57 computationally designed small-molecule ligands docked into Cyclin A (RxL substrate groove), each provided as a single-file protein–ligand complex in PDB format (56 unique ligand structures).

These designs block the RxL / cyclin-binding-motif groove of Cyclin A, the docking site through which cyclin-CDK complexes recruit substrates — a protein–protein-interaction strategy for selective cell-cycle intervention.

Receptor note: coordinates correspond to the Cyclin A (RxL substrate-recruitment groove) (chain B res 175–432). TODO: add the source RCSB PDB accession for the receptor template used to generate these complexes.

Dataset summary

Complex files 57 (*_cmpx.pdb)
Unique ligand SMILES 56
Receptor Cyclin A (RxL substrate-recruitment groove) (chain B res 175–432)
Generator Technetium GA-II pocket-conditioned generative platform
Generation date 2025-08-30 – 2025-09-07
Pose scoring AutoDock Vina

These are de novo, scaffold-constrained generative designs produced by the Technetium GA-II pocket-conditioned generative platform. Each design is docked into the target pocket and scored with AutoDock Vina; a REMARK CORE record preserves the scaffold/attachment context.
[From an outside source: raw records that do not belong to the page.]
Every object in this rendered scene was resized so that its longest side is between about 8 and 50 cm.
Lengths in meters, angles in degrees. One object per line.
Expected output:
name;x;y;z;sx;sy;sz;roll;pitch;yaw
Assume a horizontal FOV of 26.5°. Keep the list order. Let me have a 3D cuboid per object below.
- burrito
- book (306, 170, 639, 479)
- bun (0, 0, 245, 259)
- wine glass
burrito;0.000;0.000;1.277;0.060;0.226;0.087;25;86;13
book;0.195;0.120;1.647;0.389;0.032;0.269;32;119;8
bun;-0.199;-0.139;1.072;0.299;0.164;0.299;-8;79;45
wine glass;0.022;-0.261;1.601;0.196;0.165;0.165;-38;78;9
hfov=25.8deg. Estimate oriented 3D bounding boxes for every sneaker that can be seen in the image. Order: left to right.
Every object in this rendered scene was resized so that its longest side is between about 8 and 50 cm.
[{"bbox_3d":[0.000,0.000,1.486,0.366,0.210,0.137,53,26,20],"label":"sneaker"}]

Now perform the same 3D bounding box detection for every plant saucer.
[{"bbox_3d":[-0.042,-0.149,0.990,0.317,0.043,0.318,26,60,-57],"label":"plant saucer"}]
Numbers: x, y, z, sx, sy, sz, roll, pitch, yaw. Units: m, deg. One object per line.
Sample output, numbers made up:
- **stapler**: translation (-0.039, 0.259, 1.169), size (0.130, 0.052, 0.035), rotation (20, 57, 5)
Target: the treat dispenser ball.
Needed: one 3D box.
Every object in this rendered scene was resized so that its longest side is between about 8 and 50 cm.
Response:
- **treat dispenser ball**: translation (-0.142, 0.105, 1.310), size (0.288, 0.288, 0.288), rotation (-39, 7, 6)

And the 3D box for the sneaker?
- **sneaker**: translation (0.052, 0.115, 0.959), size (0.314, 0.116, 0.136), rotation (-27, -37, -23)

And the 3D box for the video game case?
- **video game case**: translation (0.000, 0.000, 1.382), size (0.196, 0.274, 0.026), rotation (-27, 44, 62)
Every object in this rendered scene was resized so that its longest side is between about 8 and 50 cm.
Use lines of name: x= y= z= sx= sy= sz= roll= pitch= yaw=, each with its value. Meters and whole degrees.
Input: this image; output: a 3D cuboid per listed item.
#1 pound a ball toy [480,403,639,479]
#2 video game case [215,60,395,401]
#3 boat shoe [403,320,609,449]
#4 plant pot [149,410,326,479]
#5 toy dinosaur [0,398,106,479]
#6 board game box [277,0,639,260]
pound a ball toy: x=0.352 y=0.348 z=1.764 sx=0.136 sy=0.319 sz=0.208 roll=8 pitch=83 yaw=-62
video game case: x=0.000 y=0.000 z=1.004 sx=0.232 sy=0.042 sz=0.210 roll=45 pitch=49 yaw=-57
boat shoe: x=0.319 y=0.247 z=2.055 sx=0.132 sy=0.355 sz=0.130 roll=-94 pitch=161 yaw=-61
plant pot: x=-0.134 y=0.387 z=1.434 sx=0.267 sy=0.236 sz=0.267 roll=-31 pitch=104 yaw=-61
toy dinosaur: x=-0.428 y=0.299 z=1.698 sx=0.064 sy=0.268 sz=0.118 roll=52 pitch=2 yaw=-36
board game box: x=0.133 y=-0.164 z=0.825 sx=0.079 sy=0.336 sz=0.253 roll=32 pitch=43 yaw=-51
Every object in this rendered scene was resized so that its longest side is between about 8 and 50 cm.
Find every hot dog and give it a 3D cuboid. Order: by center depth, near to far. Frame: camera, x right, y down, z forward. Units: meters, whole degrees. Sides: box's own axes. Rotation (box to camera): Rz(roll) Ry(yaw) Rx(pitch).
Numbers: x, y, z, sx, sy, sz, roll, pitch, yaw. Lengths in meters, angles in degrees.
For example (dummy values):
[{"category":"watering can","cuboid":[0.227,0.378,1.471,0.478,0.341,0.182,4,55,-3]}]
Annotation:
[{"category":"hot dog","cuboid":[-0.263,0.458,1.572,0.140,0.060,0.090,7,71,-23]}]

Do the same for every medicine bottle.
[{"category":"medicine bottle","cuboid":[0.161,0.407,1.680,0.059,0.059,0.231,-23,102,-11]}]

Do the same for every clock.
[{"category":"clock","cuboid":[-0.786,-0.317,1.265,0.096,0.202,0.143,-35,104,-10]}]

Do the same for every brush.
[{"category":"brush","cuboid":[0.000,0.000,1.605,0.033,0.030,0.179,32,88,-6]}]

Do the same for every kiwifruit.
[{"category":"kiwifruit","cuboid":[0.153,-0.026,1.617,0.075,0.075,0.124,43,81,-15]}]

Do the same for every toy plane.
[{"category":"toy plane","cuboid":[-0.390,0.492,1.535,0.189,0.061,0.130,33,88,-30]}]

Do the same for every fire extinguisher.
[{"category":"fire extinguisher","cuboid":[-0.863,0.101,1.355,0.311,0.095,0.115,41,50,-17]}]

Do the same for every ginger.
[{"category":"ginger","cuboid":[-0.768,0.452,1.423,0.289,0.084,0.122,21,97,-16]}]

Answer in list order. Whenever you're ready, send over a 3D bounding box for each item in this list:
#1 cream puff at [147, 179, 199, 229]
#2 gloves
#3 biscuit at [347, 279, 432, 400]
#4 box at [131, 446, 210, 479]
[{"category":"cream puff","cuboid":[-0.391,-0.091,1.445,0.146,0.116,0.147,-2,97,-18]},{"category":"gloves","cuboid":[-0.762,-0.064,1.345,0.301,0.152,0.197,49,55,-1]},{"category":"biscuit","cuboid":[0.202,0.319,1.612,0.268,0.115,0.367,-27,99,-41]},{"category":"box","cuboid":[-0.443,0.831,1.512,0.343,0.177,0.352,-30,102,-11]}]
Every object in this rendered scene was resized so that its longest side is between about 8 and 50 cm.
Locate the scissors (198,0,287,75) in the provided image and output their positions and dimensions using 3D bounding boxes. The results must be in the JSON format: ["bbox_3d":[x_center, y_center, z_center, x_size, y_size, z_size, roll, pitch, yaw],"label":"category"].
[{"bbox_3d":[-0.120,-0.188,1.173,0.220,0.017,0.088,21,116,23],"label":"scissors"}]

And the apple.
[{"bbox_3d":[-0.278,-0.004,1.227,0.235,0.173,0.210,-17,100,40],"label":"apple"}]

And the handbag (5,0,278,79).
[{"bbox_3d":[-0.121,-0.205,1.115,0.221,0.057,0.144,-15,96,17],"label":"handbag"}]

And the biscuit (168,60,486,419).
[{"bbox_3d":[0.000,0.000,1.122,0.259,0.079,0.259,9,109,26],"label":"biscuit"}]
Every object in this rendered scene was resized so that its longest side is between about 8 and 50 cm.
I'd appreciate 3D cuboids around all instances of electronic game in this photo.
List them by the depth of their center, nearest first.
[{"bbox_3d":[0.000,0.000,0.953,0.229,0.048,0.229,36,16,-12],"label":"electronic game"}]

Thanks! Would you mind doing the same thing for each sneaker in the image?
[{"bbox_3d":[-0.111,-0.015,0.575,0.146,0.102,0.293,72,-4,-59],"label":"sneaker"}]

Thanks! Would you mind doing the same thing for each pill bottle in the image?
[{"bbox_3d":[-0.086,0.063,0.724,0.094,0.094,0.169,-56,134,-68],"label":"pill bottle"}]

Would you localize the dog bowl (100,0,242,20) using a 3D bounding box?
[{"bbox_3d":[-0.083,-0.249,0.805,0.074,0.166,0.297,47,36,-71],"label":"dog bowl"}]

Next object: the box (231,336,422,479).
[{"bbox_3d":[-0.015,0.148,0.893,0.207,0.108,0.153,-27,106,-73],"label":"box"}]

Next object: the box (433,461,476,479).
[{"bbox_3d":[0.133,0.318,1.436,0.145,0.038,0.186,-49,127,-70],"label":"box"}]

Each complex file is self-contained — receptor structure, the ligand's 3D docked pose, and a 2D↔3D atom map all travel inside the single PDB.

Property profile

Physicochemical ranges are computed with RDKit over the 56 unique ligand structures; docking energy is from the generation/docking pipeline.

Property Range Median
Docking energy (AutoDock Vina) ≤ -9.2 kcal/mol (down to -10.6)
Molecular weight 424.5 – 596.8 Da 514.2
cLogP 1.5 – 5.0 3.8
TPSA 51.6 – 110.9 Ų 95.1
Fsp3 (fraction sp³ C) 0.2 – 0.5 0.4
H-bond donors 1 – 4 2
H-bond acceptors 5 – 9 7
Rotatable bonds 2 – 8 4

File format

Each *_cmpx.pdb bundles the receptor and one docked ligand pose:

Record Content
REMARK VINA RESULT <energy> … AutoDock Vina docking score (kcal/mol)
REMARK CORE <smiles> the scaffold / attachment context of the design
REMARK SMILES <smiles> the docked ligand (2D structure)
REMARK SMILES IDX <pos> <serial> … map of each SMILES heavy-atom position ↔ its ligand atom serial (the 2D↔3D key)
ATOM … <chain> receptor heavy atoms
ATOM … UNL (after MODEL 1) ligand 3D pose (residue name UNL)

Usage

import glob

def read_complex(path):
    smiles, idx = None, {}
    with open(path) as fh:
        for line in fh:
            if line.startswith("REMARK SMILES IDX"):
                toks = line.split()[3:]            # flat list of (smiles_pos, atom_serial)
                for i in range(0, len(toks), 2):
                    idx[int(toks[i])] = int(toks[i + 1])
            elif line.startswith("REMARK SMILES"):
                smiles = line.split(None, 2)[2].strip()
    return smiles, idx                              # idx[smiles_atom_position] -> ligand atom serial

for f in glob.glob("*_cmpx.pdb"):
    smi, idx = read_complex(f)
    # ligand atoms are the `ATOM ... UNL` records following `MODEL 1`

Provenance & intended use

  • These are computationally generated designs and docked poses — not experimentally validated binders. No claim of activity or selectivity is made.
  • Intended for machine-learning, cheminformatics, generative-model benchmarking, and docking-pose research on a well-defined target.

Citation

Generated by Technetium Therapeutics. Poses scored with AutoDock Vina.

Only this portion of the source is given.